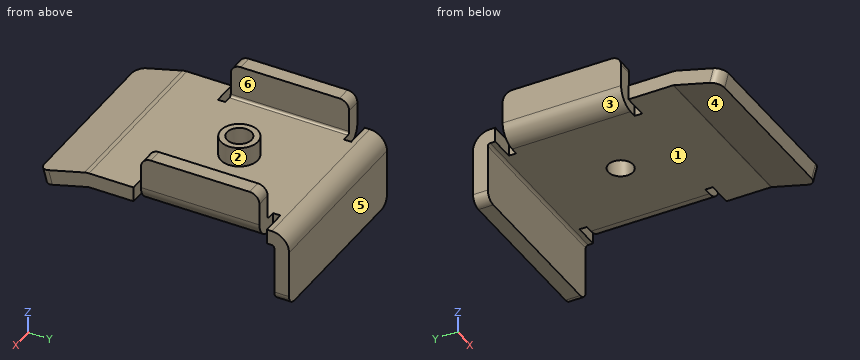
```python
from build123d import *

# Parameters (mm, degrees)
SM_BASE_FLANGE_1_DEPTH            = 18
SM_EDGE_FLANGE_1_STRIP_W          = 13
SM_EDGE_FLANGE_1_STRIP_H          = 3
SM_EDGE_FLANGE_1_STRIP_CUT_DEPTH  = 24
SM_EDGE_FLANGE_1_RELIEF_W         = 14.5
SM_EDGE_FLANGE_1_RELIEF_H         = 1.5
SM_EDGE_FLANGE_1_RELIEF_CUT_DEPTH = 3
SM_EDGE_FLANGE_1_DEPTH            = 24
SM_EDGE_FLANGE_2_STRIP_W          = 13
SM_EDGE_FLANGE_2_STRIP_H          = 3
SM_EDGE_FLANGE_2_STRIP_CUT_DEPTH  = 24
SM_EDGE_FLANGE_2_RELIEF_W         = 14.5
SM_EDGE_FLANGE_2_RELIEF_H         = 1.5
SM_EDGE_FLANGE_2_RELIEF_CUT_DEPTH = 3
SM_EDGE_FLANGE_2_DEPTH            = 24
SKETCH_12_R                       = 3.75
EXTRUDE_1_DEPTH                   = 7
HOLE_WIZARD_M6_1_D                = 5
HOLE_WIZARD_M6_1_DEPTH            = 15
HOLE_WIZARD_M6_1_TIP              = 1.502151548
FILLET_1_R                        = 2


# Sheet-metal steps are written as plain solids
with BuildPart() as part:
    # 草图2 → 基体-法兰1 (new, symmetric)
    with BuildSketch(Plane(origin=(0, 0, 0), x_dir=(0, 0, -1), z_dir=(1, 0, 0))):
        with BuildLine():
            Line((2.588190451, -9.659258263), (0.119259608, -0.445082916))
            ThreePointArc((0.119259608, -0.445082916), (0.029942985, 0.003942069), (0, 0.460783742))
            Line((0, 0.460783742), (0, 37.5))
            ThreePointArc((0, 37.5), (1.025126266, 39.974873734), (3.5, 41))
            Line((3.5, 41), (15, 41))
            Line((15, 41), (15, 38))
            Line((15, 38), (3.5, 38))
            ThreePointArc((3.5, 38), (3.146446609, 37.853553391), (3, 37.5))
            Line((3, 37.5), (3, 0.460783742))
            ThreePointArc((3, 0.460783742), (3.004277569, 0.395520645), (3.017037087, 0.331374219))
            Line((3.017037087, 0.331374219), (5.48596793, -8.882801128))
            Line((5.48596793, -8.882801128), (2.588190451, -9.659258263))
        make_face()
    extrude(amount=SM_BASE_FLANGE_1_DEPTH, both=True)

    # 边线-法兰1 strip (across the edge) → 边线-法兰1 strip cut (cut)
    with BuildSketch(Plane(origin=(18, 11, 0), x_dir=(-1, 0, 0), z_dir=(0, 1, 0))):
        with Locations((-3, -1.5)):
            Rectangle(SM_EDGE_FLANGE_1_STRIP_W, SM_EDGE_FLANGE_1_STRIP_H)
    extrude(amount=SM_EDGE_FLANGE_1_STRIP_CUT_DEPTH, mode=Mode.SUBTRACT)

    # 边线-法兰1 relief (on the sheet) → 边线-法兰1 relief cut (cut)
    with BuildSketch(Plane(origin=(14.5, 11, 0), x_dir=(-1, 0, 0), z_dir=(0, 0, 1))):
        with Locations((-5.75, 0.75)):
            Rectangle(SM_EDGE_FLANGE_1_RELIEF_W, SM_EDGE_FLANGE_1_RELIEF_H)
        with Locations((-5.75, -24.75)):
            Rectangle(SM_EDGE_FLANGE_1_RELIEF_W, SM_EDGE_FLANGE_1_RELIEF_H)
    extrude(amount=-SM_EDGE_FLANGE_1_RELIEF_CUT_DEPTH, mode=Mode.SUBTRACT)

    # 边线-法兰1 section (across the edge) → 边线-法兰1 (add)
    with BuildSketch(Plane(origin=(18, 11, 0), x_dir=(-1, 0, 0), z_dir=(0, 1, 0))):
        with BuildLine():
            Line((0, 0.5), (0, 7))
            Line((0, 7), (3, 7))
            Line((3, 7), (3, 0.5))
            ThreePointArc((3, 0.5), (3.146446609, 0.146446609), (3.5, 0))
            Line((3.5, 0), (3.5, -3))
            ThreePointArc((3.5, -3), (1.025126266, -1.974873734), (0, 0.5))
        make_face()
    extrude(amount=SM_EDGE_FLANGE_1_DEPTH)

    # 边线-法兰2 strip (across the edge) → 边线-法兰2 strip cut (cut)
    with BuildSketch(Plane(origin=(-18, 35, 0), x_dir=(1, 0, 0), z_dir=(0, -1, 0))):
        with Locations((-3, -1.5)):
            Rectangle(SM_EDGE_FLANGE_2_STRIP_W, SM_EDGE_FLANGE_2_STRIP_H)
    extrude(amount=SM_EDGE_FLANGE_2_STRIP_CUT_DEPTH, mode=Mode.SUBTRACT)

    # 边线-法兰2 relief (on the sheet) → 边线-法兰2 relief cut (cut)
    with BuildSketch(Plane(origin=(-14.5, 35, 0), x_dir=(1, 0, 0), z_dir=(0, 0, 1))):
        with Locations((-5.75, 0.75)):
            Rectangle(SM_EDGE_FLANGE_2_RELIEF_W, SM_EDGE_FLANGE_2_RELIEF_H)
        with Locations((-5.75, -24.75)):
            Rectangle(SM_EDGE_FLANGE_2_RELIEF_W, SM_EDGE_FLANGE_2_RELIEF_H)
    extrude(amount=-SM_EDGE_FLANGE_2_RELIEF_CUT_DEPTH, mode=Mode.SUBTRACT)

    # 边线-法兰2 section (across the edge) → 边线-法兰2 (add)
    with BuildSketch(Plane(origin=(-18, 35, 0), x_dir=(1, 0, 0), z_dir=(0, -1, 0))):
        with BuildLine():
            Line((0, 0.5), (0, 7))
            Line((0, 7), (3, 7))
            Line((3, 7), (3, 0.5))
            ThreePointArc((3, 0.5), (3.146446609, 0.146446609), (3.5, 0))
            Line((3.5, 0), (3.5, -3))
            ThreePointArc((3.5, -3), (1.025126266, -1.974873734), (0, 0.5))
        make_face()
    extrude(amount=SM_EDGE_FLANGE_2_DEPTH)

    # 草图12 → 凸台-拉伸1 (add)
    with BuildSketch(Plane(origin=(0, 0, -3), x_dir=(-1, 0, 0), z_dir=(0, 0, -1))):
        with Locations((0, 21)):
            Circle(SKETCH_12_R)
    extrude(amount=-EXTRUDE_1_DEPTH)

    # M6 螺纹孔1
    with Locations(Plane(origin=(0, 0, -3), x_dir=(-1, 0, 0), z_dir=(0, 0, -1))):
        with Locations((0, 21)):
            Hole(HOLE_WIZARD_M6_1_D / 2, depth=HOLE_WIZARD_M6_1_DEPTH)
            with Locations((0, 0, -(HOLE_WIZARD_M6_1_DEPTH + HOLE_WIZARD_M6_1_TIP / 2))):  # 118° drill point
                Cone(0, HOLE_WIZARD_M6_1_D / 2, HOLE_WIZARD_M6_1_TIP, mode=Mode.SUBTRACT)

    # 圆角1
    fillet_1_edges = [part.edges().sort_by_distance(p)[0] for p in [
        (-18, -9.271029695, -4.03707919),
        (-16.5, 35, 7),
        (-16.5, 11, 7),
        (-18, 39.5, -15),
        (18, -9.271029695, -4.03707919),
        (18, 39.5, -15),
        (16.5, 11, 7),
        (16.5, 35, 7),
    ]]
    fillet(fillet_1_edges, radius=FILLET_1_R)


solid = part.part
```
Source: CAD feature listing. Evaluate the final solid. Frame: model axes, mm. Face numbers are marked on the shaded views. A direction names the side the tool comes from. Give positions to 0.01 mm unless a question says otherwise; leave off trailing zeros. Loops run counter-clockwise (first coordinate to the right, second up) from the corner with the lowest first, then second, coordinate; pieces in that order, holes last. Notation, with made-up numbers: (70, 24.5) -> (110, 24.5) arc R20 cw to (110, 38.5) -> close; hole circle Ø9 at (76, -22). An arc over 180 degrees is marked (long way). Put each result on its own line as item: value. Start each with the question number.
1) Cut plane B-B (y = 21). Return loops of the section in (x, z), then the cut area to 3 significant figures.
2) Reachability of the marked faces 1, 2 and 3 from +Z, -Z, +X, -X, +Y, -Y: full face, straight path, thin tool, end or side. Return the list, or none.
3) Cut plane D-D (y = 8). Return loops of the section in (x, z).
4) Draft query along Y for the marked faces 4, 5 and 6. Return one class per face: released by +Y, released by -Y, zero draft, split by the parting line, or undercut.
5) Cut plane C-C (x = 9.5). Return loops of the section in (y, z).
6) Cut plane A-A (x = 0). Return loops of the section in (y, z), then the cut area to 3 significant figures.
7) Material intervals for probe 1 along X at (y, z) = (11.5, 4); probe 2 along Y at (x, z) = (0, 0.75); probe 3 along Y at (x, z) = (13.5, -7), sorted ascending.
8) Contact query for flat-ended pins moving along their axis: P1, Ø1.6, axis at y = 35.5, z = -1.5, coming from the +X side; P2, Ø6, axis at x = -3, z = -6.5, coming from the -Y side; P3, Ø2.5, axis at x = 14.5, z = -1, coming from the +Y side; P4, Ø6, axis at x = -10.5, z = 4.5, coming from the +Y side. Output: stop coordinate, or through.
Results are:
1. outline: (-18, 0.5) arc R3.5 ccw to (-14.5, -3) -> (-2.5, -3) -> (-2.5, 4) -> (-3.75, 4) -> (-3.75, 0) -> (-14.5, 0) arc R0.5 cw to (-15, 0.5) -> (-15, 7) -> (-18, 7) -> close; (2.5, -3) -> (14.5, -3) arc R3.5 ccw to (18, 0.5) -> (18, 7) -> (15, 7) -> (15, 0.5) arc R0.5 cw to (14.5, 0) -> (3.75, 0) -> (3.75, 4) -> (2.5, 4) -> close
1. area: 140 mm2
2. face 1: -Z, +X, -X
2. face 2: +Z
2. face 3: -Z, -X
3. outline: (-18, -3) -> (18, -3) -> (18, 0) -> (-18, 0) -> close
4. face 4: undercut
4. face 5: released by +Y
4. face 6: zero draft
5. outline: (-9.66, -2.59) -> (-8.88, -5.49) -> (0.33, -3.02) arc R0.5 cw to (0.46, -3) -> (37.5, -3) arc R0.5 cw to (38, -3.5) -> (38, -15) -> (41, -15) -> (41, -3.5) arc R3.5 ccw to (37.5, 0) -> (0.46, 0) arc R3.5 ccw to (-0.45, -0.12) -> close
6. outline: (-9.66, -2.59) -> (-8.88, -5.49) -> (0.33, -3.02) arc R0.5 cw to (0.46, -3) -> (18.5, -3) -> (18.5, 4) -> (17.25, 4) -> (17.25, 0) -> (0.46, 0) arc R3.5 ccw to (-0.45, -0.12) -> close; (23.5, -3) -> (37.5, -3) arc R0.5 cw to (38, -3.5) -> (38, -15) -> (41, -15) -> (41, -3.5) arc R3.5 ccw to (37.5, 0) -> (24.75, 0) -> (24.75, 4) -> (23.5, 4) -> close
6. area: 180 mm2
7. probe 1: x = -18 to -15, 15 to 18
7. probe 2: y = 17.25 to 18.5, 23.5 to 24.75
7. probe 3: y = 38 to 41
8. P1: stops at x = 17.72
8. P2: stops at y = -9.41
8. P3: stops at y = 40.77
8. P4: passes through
____________
**Directions for this task:**
Check each line of the material for the word "amount". Copy the ones that have it.

**Your response:**
    extrude(amount=SM_BASE_FLANGE_1_DEPTH, both=True)
    extrude(amount=SM_EDGE_FLANGE_1_STRIP_CUT_DEPTH, mode=Mode.SUBTRACT)
    extrude(amount=-SM_EDGE_FLANGE_1_RELIEF_CUT_DEPTH, mode=Mode.SUBTRACT)
    extrude(amount=SM_EDGE_FLANGE_1_DEPTH)
    extrude(amount=SM_EDGE_FLANGE_2_STRIP_CUT_DEPTH, mode=Mode.SUBTRACT)
    extrude(amount=-SM_EDGE_FLANGE_2_RELIEF_CUT_DEPTH, mode=Mode.SUBTRACT)
    extrude(amount=SM_EDGE_FLANGE_2_DEPTH)
    extrude(amount=-EXTRUDE_1_DEPTH)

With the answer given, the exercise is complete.